• Your task:
Repeat the listing that follows exactly. Pictures are not part of the copy.

• Data shown:
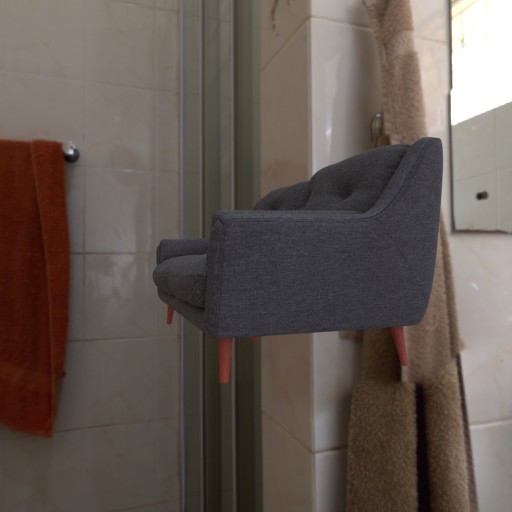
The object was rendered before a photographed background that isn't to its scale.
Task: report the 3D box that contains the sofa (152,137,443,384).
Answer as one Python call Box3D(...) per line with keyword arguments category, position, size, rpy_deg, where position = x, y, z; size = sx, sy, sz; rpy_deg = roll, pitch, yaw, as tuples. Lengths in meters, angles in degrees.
Box3D(category="sofa", position=(0.000, 0.000, 2.356), size=(0.975, 0.896, 1.929), rpy_deg=(0, -1, -18))

• Answer to the exercise:
The object was rendered before a photographed background that isn't to its scale.
Task: report the 3D box that contains the sofa (152,137,443,384).
Answer as one Python call Box3D(...) per line with keyword arguments category, position, size, rpy_deg, where position = x, y, z; size = sx, sy, sz; rpy_deg = roll, pitch, yaw, as tuples. Lengths in meters, angles in degrees.
Box3D(category="sofa", position=(0.000, 0.000, 2.356), size=(0.975, 0.896, 1.929), rpy_deg=(0, -1, -18))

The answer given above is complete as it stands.